A national program seeks to prove in Spokane that you don't need to lock up defendants to get them to court

A national program seeks to prove in Spokane that you don't need to lock up defendants to get them to court (2)
Josh Kelety photo
Sabrina Ryan-Helton (left) and Angel Tomeo Sam are the project's "bail disruptors" in Spokane.

After Enrique was booked into the Spokane County Jail on New Year's Eve, he knew that he couldn't come up with the $200 necessary to post bond and get released. And with rent and bills due in the coming weeks and no set trial date, indefinite incarceration posed serious problems for him and his family.

"It was pretty tough, worrying about rent and bills for my kids," says Enrique, who declined to give his last name. "I have five kids and I was worried."

February's payments were just around the bend, and with Enrique behind bars, he couldn't put in hours at the fertilizer company in Spokane Valley that he's worked at for the past 12 years. "My girlfriend is a stay-at-home mom and she doesn't work," Enrique says. "I would have been out of work and wouldn't have been able to make money and pay the bills."

But then Enrique heard from another inmate about an organization called the Bail Project that would post bail for defendants who couldn't afford it. He eventually met with Sabrina Ryan-Helton, a client advocate with the project, and was bailed out on Jan. 17. As he tells it, Ryan-Helton helped him get a Lyft ride to go to his job right after he was released. "I started working that same night," he says.

Enrique's story is one that the Bail Project, a budding national organization, hopes to replicate many times over. In short, the project wants to show how the cash-bail system unfairly imprisons poor defendants who otherwise would show up to court if provided with support and services. It's not about helping people avoid responsibility for their crimes — Enrique is facing a domestic violence assault charge after an alcohol-fueled disagreement with his girlfriend — but the project hopes to model a more fair, cost-effective system of justice.

"The vast majority of people can be released on their own recognizance," Camilo Ramirez, a Bail Project spokesman says. "When people are provided with adequate support, they come back to court."

In Spokane, the program started training staff and bailing people out back in December. So far, they've posted bail for over 20 people.

Since the project first kicked off early last year, the organization has set-up shop in roughly 10 jurisdictions across the country, including Compton, Tulsa, Detroit and St. Louis. The project uses staff on the ground to identify indigent defendants and then pulls from a revolving national fund to finance their bail. After defendants are released, project staff provide them with court date reminders, voluntary referrals to social services, and assistance with transportation to make sure that they show up at court.

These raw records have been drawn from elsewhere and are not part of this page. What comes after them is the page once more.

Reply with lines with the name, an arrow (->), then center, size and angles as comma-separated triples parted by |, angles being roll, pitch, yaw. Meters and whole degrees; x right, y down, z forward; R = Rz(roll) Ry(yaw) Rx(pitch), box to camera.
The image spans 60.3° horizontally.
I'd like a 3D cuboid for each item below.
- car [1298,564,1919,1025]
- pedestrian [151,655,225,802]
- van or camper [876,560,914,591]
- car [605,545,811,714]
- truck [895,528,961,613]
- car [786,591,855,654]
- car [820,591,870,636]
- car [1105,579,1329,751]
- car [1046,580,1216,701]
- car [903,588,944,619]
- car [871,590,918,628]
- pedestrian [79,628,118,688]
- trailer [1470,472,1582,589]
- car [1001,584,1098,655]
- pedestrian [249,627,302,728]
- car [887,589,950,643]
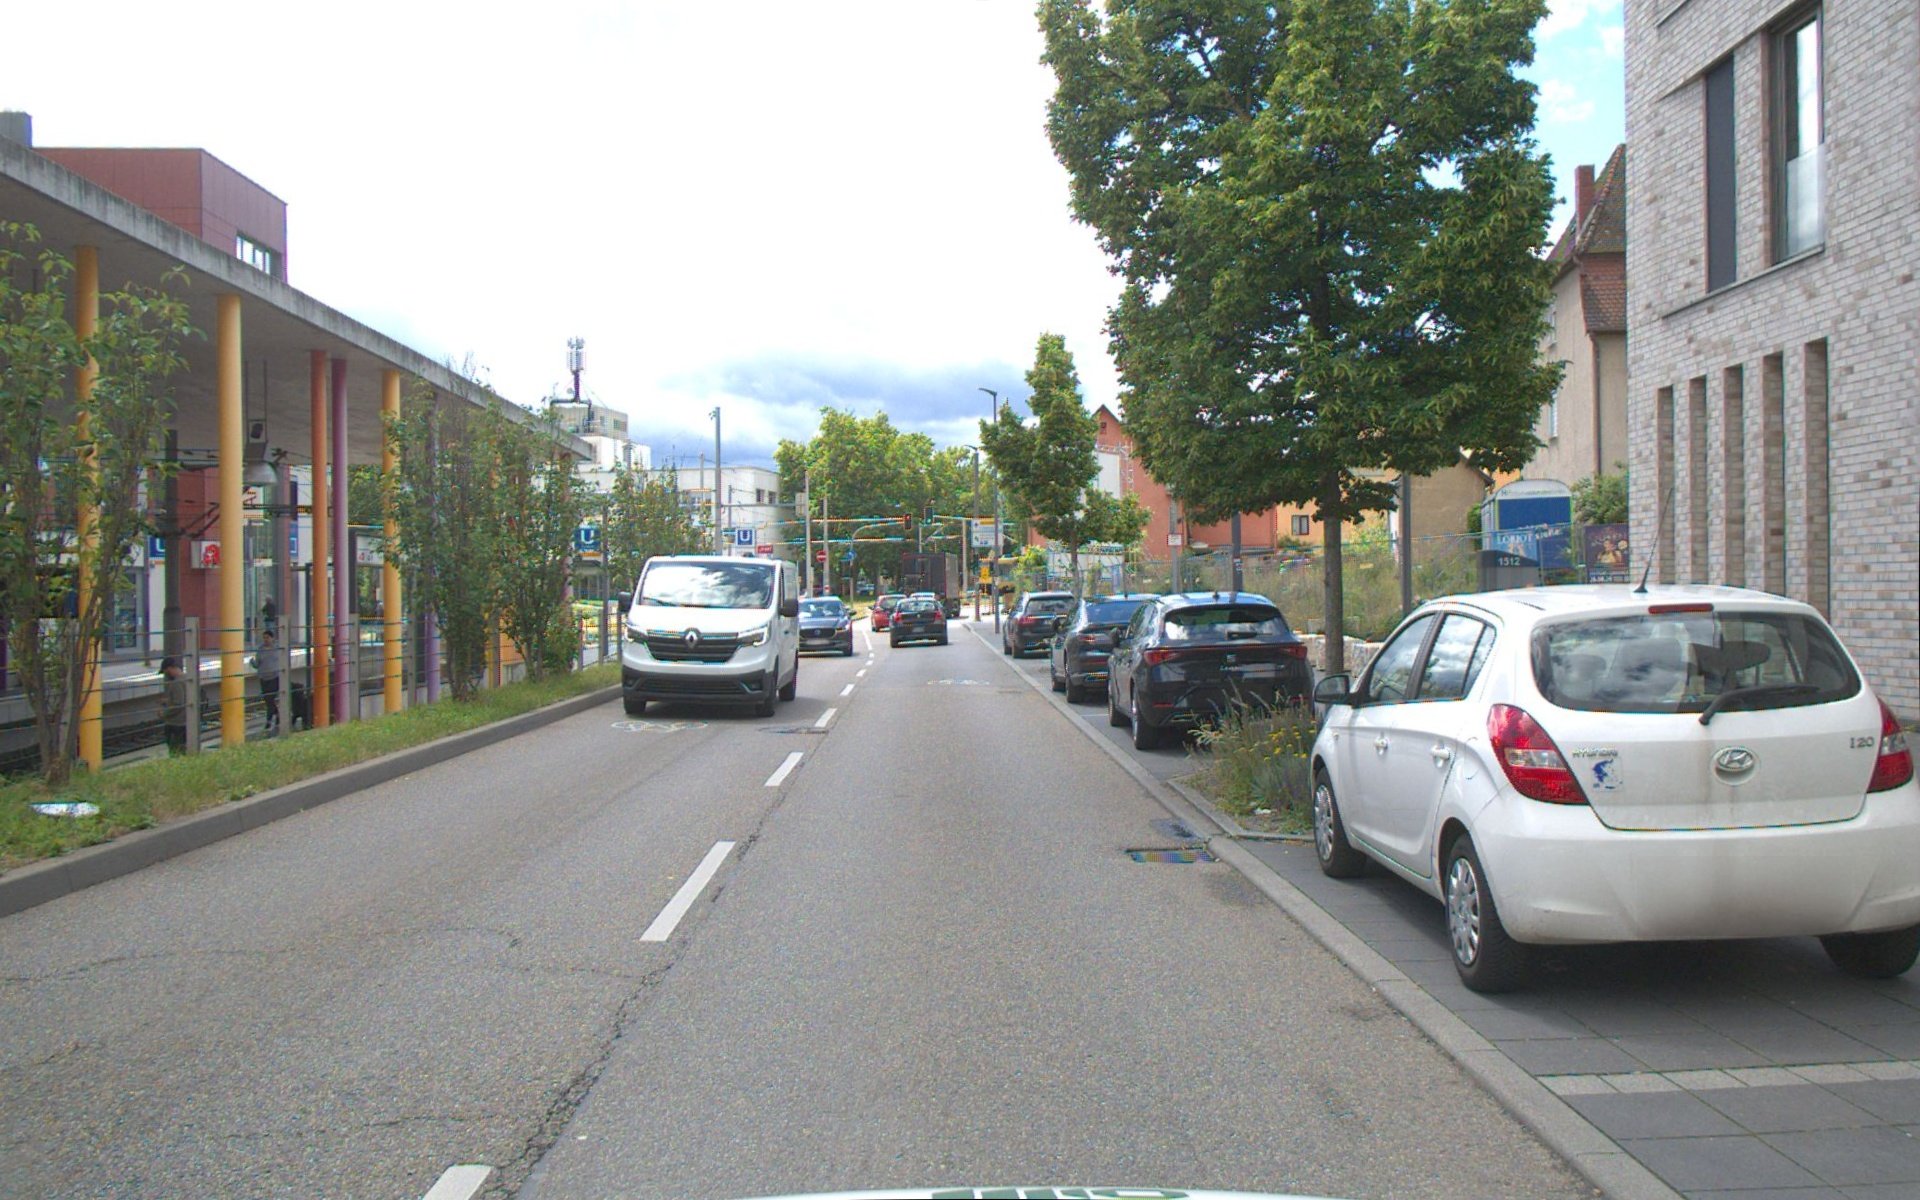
car -> 2.756, 0.648, 7.525 | 1.658, 1.509, 3.798 | -2, 0, 1
pedestrian -> -9.979, 1.641, 21.401 | 0.574, 1.862, 0.710 | 0, -2, 1
van or camper -> -6.561, -2.443, 167.455 | 2.129, 2.855, 6.073 | 0, -2, 15
car -> -3.140, 0.339, 21.679 | 1.963, 1.951, 5.064 | 0, 0, -1
truck -> -1.794, -1.602, 96.872 | 3.136, 4.615, 9.032 | 0, -1, 4
car -> -3.665, 0.570, 43.952 | 1.690, 1.548, 4.252 | 1, 0, -3
car -> -4.260, 0.466, 60.843 | 1.736, 1.534, 3.996 | -2, 1, -5
car -> 2.518, 0.579, 17.108 | 1.658, 1.486, 4.147 | -2, 0, 0
car -> 2.315, 0.510, 23.540 | 1.827, 1.476, 4.643 | -2, 0, -1
car -> -1.895, 0.214, 84.228 | 1.851, 1.491, 4.065 | -2, 0, -4
car -> -2.702, 0.349, 67.460 | 1.679, 1.417, 3.804 | -2, 1, -6
pedestrian -> -24.324, 1.642, 46.708 | 0.643, 1.678, 0.842 | 0, -2, -1
trailer -> 16.856, -1.985, 49.567 | 2.353, 3.176, 6.166 | -2, 0, 12
car -> 2.008, 0.409, 38.191 | 1.746, 1.477, 4.474 | -2, 0, -3
pedestrian -> -11.433, 1.282, 27.631 | 0.616, 1.642, 0.636 | 0, 1, 0
car -> -1.276, 0.443, 49.729 | 1.692, 1.482, 3.806 | -2, 1, -4
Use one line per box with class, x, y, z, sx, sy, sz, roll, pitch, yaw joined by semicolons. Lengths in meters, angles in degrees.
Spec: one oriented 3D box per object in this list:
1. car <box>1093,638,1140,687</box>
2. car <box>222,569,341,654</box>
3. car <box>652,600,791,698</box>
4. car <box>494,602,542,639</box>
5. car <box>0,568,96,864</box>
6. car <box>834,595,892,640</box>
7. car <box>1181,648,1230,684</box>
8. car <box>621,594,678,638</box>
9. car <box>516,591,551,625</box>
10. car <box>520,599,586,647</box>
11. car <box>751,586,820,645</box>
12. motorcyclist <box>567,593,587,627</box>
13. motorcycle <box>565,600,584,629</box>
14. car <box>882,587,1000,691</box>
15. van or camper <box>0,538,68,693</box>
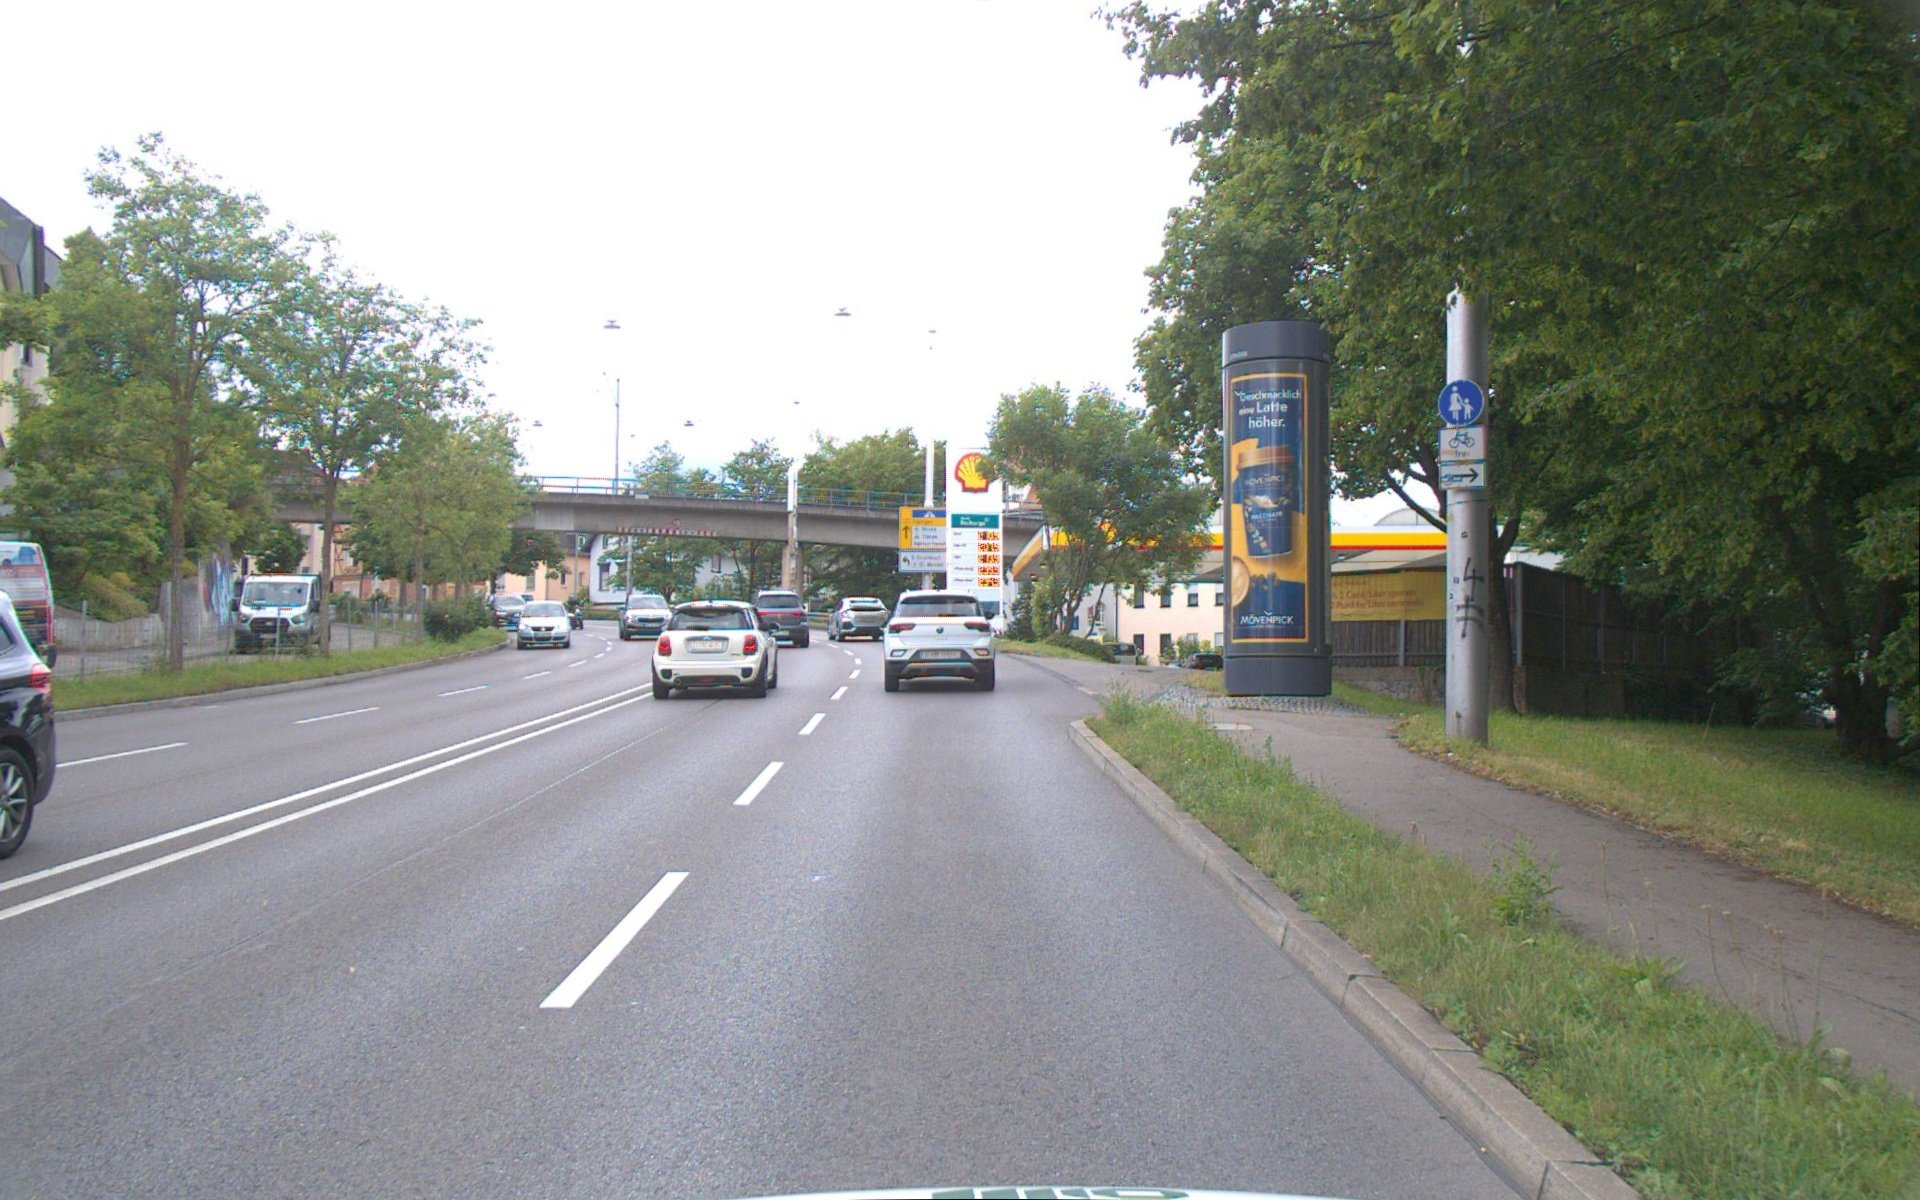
car;6.977;2.825;74.106;1.699;2.046;4.712;-1;-4;1
car;-19.791;0.311;48.532;2.229;2.312;6.304;0;0;-13
car;-3.630;0.716;25.724;1.687;1.400;3.456;1;0;-1
car;-20.359;0.900;76.025;1.759;1.603;4.442;-1;0;-20
car;-6.087;0.627;7.835;1.728;1.620;4.365;1;0;-1
car;-3.255;0.561;55.028;1.644;1.433;3.450;1;0;-8
car;11.141;3.023;75.230;1.699;1.512;3.877;-1;-4;1
car;-11.293;0.552;60.326;1.751;1.565;4.069;0;0;-7
car;-25.331;0.467;98.232;1.867;1.971;3.981;0;0;-17
car;-13.022;0.704;53.094;1.535;1.456;3.886;1;0;-6
car;-5.147;0.449;49.108;1.687;1.668;3.456;1;0;-1
motorcyclist;-17.996;0.474;77.641;0.789;1.583;0.994;0;0;-21
motorcycle;-18.084;0.656;77.548;0.582;1.327;2.442;0;0;-21
car;-0.313;0.593;26.705;1.760;1.545;3.456;1;0;-1
van or camper;-16.618;0.257;26.094;1.952;2.516;5.710;0;0;0
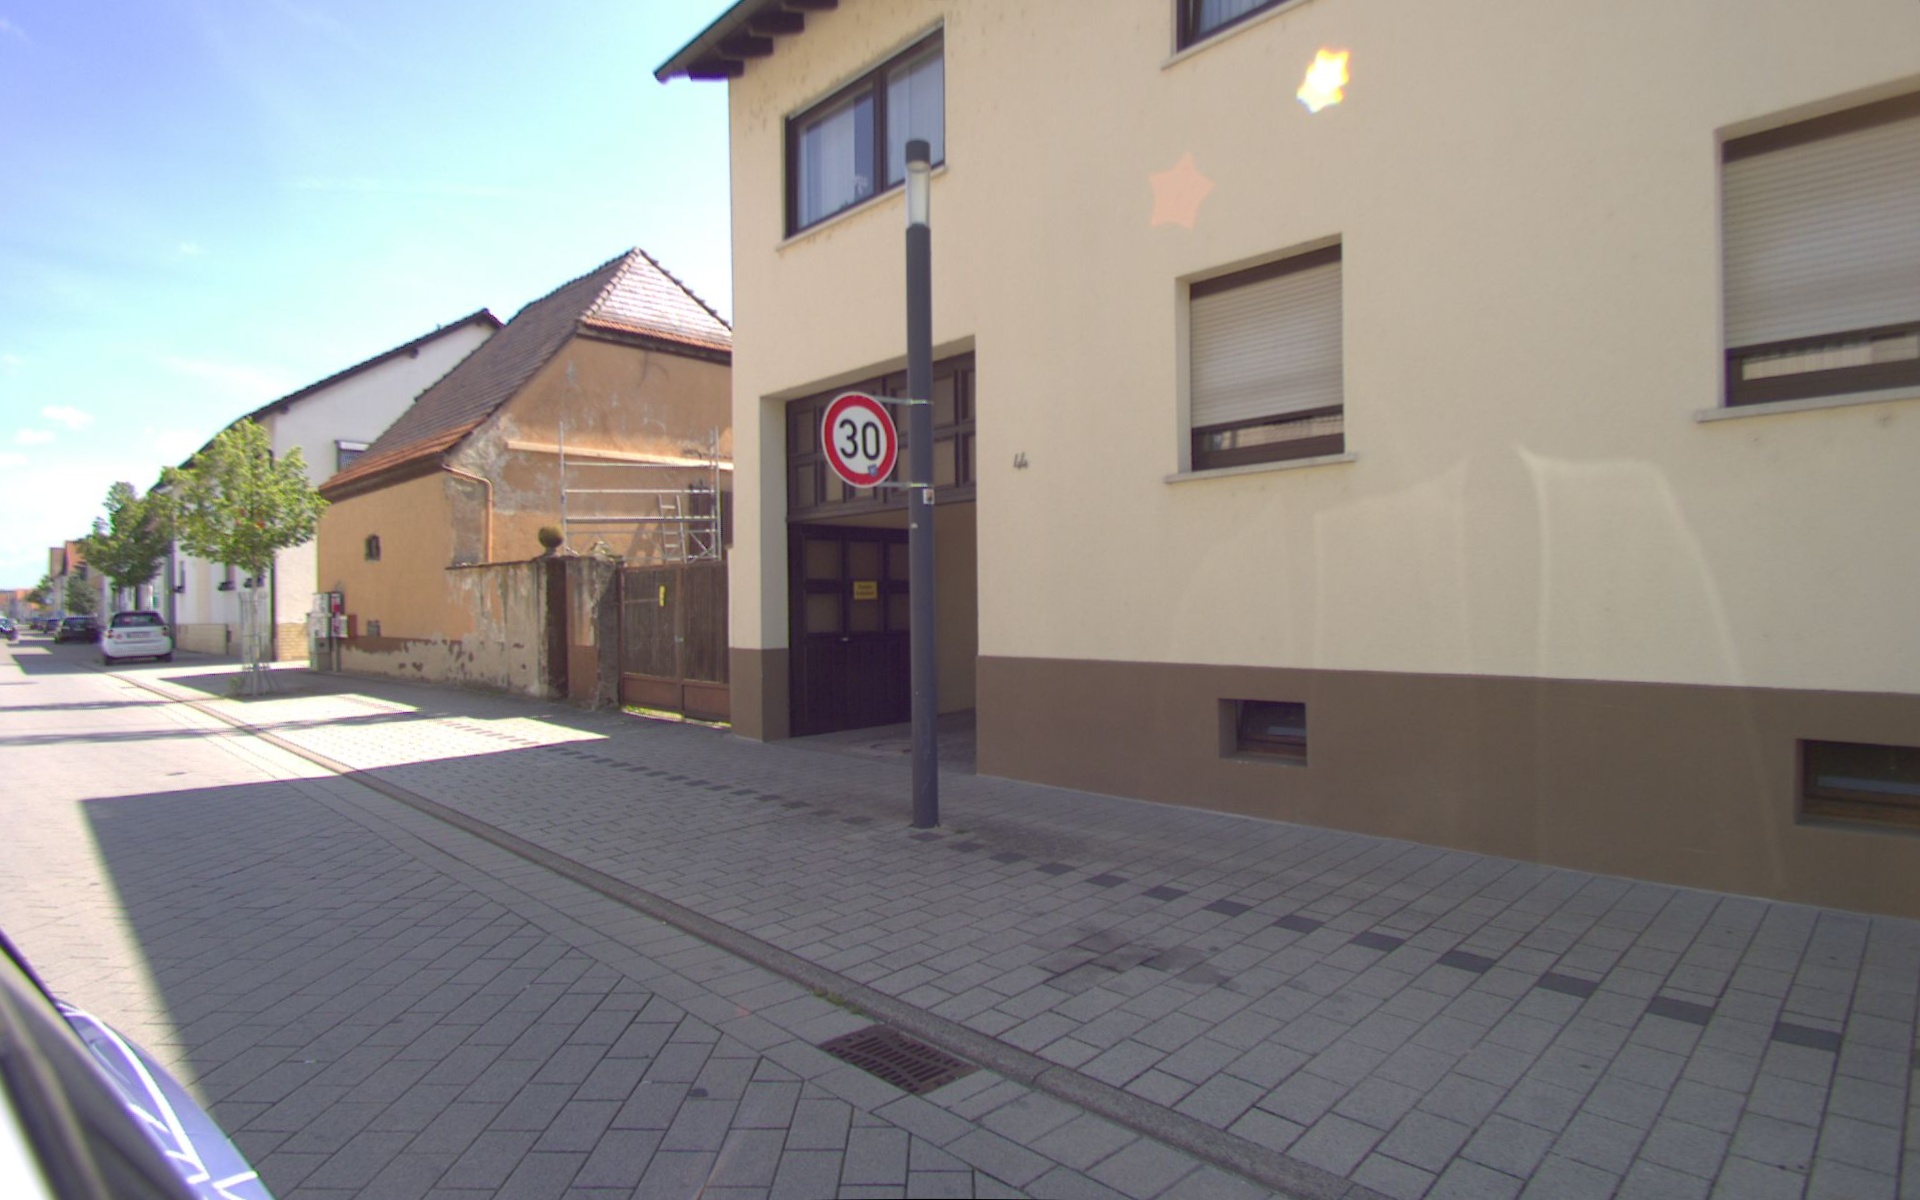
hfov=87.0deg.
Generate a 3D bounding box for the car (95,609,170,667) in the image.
[{"bbox_3d":[-24.885,1.093,30.412,1.553,1.573,2.825,-4,2,-42],"label":"car"}]

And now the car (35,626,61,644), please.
[{"bbox_3d":[-89.412,3.417,99.204,1.825,1.711,4.004,0,-1,-43],"label":"car"}]

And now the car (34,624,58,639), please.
[{"bbox_3d":[-103.821,3.544,114.970,4.002,1.564,1.829,-1,-1,44],"label":"car"}]

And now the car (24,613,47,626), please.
[{"bbox_3d":[-116.342,2.468,127.373,4.002,1.592,1.971,-1,-1,44],"label":"car"}]

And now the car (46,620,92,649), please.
[{"bbox_3d":[-51.163,1.944,58.100,3.957,1.578,1.728,-1,-1,45],"label":"car"}]

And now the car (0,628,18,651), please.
[{"bbox_3d":[-62.995,2.549,64.912,3.769,1.440,1.725,-1,0,4],"label":"car"}]

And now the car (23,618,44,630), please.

The inmate population that the project is targeting is not insignificant. In Spokane County, the majority of inmates are pretrial, meaning that they haven't been convicted and are awaiting court action. Nationally, 65 percent of all inmates in jails are pretrial, according to 2016 data from the Federal Bureau of Justice Statistics.

Critiques of the cash bail system and pretrial detention are numerous: In addition to the argument that the cash bail system keeps indigent defendants locked up, research has shown that people incarcerated pretrial receive harsher sentences. Reformers also argue that defendants can lose housing, jobs and even custody of their children while imprisoned on bail.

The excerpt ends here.